Here is a puzzle that took me longer than I care to admit to fully unpack. I built a recovery USB — clean DISM export, proper bootloader, everything by the book — set it first in the UEFI boot order, and rebooted an ASUS A14 Zenbook expecting to land in a familiar Windows Recovery Environment. Instead, I got the ASUS recovery stub. Every single time. I moved the USB higher in the boot order. I tried the firmware boot menu. I watched the machine apparently select the USB and then, silently and without apology, drop me into ASUS’s own mini-recovery UI anyway. The drive was not defective. The boot order was correct. The machine just did not care. This is my reason for saying: ASUS Snapdragon shows odd boot anomaly.

Getting Past ASUS Snapdragon Shows Odd Boot Anomaly

What I kept landing in was not Microsoft’s WinRE. It was ASUS’s recovery stub from firmware. It’s a minimal launcher, typically just a few hundred megabytes, that presents three or four tiles: Reset this PC, ASUS Recovery, and Advanced options. It looks vaguely like WinRE. It shares some ancestry with winre.wim. But it is ASUS’s gatekeeper, not Microsoft’s recovery environment, and it exists specifically to intercept the boot process before you can get anywhere else.

Here is the mechanism. ASUS, like most Tier-1 OEMs, configures its UEFI firmware with a hardcoded recovery boot path that fires during the BDS (Boot Device Selection) phase. It hits before the standard UEFI boot manager even looks at the user’s boot order. The firmware scans the internal NVMe for a partition stamped with a specific GPT partition type GUID — not the ordinary Microsoft Basic Data GUID, but a dedicated Recovery GUID or a custom OEM namespace. When it finds that partition, it hands control to the stub immediately. Your carefully ordered boot menu is consulted afterward, if at all. The USB was never really in the running.

Secure Boot adds a second layer of obstruction. Let’s say your hand-built USB carries an unsigned or self-signed bootloader (common with DISM-assembled media not signed against Microsoft’s KEK). Then,  the firmware rejects it silently and falls through to the next trusted entry in its internal list. That entry is the ASUS stub. So even when the BDS phase does get as far as examining external media, an unsigned USB is invisible. The machine looks like it’s ignoring you. It is, technically, but for a specific cryptographic reason (yes, really).

The WIM Recompression Tax

Once you understand why your DIY USB is being locked out, it helps to understand what the OEM actually ships in its place. It also explains why making a genuine ASUS recovery drive takes the better part of an hour. It starts with WIM compression. Microsoft’s stock winre.wim uses LZX compression and typically lands somewhere between 500 MB and 1 GB on disk. Manageable. Sensible. But ASUS’s customised image, once you add the recovery launcher, platform drivers, UI payloads, and potentially a full factory image, can balloon to several gigabytes of uncompressed data before anyone has touched the compression knob.

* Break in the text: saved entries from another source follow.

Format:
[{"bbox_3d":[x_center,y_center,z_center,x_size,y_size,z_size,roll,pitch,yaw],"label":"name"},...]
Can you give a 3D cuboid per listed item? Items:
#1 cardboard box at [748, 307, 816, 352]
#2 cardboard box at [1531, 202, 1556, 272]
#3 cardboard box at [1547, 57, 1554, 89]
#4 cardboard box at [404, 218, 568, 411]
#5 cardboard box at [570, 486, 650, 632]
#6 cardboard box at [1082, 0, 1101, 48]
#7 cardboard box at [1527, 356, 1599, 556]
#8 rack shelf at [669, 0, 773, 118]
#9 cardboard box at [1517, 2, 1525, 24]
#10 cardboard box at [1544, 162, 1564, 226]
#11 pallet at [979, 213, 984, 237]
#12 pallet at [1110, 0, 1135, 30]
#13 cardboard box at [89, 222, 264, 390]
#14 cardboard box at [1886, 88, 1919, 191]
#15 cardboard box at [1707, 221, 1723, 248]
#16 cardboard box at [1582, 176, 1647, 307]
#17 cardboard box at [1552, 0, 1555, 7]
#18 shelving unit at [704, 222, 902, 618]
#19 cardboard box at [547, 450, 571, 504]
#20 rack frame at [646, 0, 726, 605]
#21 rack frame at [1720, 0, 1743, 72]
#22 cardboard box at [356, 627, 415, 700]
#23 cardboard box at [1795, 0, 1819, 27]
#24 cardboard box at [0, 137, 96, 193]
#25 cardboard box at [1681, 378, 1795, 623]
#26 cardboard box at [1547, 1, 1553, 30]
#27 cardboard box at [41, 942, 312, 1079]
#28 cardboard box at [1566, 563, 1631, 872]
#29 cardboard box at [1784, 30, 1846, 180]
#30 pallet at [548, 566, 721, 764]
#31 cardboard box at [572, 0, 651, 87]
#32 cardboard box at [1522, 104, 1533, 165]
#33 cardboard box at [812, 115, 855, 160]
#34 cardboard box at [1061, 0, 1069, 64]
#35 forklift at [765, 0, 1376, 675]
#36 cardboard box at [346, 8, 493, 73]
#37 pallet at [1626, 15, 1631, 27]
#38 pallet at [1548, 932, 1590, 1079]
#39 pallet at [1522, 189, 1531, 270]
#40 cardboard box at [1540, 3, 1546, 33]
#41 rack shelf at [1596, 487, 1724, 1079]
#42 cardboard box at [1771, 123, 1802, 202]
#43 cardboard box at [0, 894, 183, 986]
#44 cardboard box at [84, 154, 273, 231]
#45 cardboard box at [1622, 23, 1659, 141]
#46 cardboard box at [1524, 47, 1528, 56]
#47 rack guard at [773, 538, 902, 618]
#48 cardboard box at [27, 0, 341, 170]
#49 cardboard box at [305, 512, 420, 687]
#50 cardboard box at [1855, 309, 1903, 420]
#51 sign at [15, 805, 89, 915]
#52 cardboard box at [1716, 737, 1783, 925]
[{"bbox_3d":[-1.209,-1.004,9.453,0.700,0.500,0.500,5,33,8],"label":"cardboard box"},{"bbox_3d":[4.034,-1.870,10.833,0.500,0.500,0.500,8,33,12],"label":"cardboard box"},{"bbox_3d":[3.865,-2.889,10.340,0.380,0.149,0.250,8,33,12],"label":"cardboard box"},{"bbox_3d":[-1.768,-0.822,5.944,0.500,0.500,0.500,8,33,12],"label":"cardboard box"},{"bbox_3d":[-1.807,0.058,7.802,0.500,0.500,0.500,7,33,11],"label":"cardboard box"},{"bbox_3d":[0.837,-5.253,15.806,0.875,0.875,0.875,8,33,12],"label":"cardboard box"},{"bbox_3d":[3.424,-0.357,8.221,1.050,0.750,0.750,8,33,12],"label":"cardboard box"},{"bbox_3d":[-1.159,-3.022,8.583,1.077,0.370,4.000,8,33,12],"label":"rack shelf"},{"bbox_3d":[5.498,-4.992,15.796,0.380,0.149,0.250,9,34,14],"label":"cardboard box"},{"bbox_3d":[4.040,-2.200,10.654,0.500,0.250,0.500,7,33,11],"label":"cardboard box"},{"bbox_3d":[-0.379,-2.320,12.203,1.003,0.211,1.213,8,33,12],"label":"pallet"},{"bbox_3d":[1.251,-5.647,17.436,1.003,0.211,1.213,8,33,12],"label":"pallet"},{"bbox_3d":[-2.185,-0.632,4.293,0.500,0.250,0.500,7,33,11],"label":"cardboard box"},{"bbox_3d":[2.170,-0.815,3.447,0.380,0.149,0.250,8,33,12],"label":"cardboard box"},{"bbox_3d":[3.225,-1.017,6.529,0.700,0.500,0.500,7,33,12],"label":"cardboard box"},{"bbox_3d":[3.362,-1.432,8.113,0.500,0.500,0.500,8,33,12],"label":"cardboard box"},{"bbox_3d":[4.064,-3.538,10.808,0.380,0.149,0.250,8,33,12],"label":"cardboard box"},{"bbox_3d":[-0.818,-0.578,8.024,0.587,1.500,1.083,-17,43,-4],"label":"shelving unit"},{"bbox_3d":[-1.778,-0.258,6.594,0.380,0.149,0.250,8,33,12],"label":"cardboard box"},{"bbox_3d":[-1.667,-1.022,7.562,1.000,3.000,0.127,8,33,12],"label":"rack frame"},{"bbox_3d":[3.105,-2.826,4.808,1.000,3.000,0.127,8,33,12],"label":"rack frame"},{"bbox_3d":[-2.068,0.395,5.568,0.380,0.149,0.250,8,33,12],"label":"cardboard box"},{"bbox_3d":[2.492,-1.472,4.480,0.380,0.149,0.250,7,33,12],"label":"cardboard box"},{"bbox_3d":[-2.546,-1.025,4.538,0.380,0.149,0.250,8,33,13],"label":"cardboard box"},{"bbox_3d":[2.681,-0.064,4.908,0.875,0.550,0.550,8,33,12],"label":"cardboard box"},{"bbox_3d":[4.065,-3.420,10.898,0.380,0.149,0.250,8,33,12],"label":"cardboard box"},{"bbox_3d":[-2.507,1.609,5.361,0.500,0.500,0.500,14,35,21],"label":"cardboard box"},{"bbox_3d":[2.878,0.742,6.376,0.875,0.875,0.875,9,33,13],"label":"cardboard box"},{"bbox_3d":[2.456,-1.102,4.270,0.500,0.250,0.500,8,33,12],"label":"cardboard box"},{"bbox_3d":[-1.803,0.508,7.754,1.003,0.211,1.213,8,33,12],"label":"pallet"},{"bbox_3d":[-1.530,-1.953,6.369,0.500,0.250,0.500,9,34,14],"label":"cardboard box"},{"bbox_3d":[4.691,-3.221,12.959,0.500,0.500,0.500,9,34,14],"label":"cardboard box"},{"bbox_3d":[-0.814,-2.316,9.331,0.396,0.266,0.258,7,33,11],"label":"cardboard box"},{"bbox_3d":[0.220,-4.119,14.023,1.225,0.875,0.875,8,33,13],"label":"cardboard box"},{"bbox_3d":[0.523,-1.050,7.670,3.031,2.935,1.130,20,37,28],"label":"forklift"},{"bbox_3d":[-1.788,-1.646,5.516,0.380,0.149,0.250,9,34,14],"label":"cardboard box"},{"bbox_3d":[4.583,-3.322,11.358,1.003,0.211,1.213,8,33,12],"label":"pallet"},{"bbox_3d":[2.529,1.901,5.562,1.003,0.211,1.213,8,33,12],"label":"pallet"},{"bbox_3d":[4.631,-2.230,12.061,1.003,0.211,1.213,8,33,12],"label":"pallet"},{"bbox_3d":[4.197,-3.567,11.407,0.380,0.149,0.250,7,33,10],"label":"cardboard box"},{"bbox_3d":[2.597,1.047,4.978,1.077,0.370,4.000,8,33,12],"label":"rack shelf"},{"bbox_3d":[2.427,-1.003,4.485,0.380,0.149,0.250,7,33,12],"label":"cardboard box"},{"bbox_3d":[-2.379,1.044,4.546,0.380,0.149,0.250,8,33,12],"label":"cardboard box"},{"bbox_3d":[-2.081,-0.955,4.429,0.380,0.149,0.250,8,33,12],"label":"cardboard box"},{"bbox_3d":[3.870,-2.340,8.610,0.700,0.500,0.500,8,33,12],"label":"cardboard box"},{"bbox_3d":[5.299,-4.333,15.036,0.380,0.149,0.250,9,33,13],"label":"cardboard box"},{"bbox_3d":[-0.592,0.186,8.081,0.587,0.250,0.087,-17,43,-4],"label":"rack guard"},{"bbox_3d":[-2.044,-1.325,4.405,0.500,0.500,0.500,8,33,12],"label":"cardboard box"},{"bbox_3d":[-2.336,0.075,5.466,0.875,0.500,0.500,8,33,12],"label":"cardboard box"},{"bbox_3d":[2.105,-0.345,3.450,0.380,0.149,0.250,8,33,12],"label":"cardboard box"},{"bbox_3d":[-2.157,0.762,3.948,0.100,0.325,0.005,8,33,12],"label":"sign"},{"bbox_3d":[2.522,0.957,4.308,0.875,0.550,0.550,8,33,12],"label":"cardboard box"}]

When you kick off the “Create ASUS Recovery Drive” process in MyASUS, what actually happens under the hood is a DISM /Export-Image /Compress:max operation (or its functional equivalent)  applied to an enormous source WIM. Maximum LZX compression, and on newer builds you may even see solid-block LZMS compression, which squeezes harder but runs even slower.

Here’s the critical detail: WIM compression in DISM is largely single-threaded. It reads every file, applies the compression algorithm, writes the output, and verifies integrity as it goes, all on one logical core (yes, really). On an otherwise fast NVMe-equipped laptop, that process still takes 40 to 55 minutes, not because the machine is slow, but because the algorithm is doing an enormous amount of intense, serialised work. The hardware isn’t at fault; the workload is.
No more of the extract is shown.